* [ASSIGNMENT] From first line to last, output the records below exactly.
*-*-*
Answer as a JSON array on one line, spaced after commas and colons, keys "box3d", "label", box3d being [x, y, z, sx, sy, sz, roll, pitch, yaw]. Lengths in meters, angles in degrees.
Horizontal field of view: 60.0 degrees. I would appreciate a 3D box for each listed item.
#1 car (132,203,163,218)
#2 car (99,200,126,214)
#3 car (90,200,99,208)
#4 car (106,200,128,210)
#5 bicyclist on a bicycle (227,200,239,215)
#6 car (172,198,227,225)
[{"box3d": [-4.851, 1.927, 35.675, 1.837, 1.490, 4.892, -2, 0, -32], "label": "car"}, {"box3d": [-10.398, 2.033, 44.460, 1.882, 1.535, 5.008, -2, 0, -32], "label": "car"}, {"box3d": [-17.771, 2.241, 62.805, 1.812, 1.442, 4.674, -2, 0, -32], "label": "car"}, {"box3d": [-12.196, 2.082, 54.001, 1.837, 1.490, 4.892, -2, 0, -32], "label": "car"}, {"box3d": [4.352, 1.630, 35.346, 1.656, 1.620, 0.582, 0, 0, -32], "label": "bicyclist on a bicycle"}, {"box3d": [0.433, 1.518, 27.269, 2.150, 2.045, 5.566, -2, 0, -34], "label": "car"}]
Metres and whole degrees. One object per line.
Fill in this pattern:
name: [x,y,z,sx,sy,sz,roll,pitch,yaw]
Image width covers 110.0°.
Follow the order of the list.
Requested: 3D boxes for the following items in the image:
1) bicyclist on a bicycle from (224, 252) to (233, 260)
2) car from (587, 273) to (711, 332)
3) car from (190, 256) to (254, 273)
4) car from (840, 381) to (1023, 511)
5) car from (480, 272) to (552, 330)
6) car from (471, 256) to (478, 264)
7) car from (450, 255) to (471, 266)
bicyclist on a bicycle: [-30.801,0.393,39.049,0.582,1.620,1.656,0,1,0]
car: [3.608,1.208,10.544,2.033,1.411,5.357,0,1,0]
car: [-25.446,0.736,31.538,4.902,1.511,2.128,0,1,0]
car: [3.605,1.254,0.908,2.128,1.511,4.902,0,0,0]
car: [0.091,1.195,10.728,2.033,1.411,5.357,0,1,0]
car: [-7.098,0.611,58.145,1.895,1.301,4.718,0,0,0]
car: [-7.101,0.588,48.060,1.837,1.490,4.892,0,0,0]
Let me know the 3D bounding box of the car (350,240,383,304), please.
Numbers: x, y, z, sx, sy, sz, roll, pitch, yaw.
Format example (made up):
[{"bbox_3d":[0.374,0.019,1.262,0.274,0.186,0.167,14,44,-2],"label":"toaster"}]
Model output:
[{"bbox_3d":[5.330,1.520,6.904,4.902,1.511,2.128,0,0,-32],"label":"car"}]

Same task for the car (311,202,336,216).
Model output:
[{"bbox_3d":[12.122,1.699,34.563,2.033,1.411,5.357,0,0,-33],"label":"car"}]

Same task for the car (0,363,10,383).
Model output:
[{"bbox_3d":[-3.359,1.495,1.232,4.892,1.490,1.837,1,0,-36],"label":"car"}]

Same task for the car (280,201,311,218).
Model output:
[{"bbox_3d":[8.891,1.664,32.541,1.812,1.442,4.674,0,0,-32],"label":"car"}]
*-*-*
* [WORKED SOLUTION]
Answer as a JSON array on one line, spaced after commas and colons, keys "box3d", "label", box3d being [x, y, z, sx, sy, sz, roll, pitch, yaw]. Lengths in meters, angles in degrees.
Horizontal field of view: 60.0 degrees. I would appreciate a 3D box for each listed item.
#1 car (132,203,163,218)
#2 car (99,200,126,214)
#3 car (90,200,99,208)
#4 car (106,200,128,210)
#5 bicyclist on a bicycle (227,200,239,215)
#6 car (172,198,227,225)
[{"box3d": [-4.851, 1.927, 35.675, 1.837, 1.490, 4.892, -2, 0, -32], "label": "car"}, {"box3d": [-10.398, 2.033, 44.460, 1.882, 1.535, 5.008, -2, 0, -32], "label": "car"}, {"box3d": [-17.771, 2.241, 62.805, 1.812, 1.442, 4.674, -2, 0, -32], "label": "car"}, {"box3d": [-12.196, 2.082, 54.001, 1.837, 1.490, 4.892, -2, 0, -32], "label": "car"}, {"box3d": [4.352, 1.630, 35.346, 1.656, 1.620, 0.582, 0, 0, -32], "label": "bicyclist on a bicycle"}, {"box3d": [0.433, 1.518, 27.269, 2.150, 2.045, 5.566, -2, 0, -34], "label": "car"}]
Metres and whole degrees. One object per line.
Fill in this pattern:
name: [x,y,z,sx,sy,sz,roll,pitch,yaw]
Image width covers 110.0°.
Follow the order of the list.
Requested: 3D boxes for the following items in the image:
1) bicyclist on a bicycle from (224, 252) to (233, 260)
2) car from (587, 273) to (711, 332)
3) car from (190, 256) to (254, 273)
4) car from (840, 381) to (1023, 511)
5) car from (480, 272) to (552, 330)
6) car from (471, 256) to (478, 264)
7) car from (450, 255) to (471, 266)
bicyclist on a bicycle: [-30.801,0.393,39.049,0.582,1.620,1.656,0,1,0]
car: [3.608,1.208,10.544,2.033,1.411,5.357,0,1,0]
car: [-25.446,0.736,31.538,4.902,1.511,2.128,0,1,0]
car: [3.605,1.254,0.908,2.128,1.511,4.902,0,0,0]
car: [0.091,1.195,10.728,2.033,1.411,5.357,0,1,0]
car: [-7.098,0.611,58.145,1.895,1.301,4.718,0,0,0]
car: [-7.101,0.588,48.060,1.837,1.490,4.892,0,0,0]
Let me know the 3D bounding box of the car (350,240,383,304), please.
Numbers: x, y, z, sx, sy, sz, roll, pitch, yaw.
Format example (made up):
[{"bbox_3d":[0.374,0.019,1.262,0.274,0.186,0.167,14,44,-2],"label":"toaster"}]
Model output:
[{"bbox_3d":[5.330,1.520,6.904,4.902,1.511,2.128,0,0,-32],"label":"car"}]

Same task for the car (311,202,336,216).
Model output:
[{"bbox_3d":[12.122,1.699,34.563,2.033,1.411,5.357,0,0,-33],"label":"car"}]

Same task for the car (0,363,10,383).
Model output:
[{"bbox_3d":[-3.359,1.495,1.232,4.892,1.490,1.837,1,0,-36],"label":"car"}]

Same task for the car (280,201,311,218).
Model output:
[{"bbox_3d":[8.891,1.664,32.541,1.812,1.442,4.674,0,0,-32],"label":"car"}]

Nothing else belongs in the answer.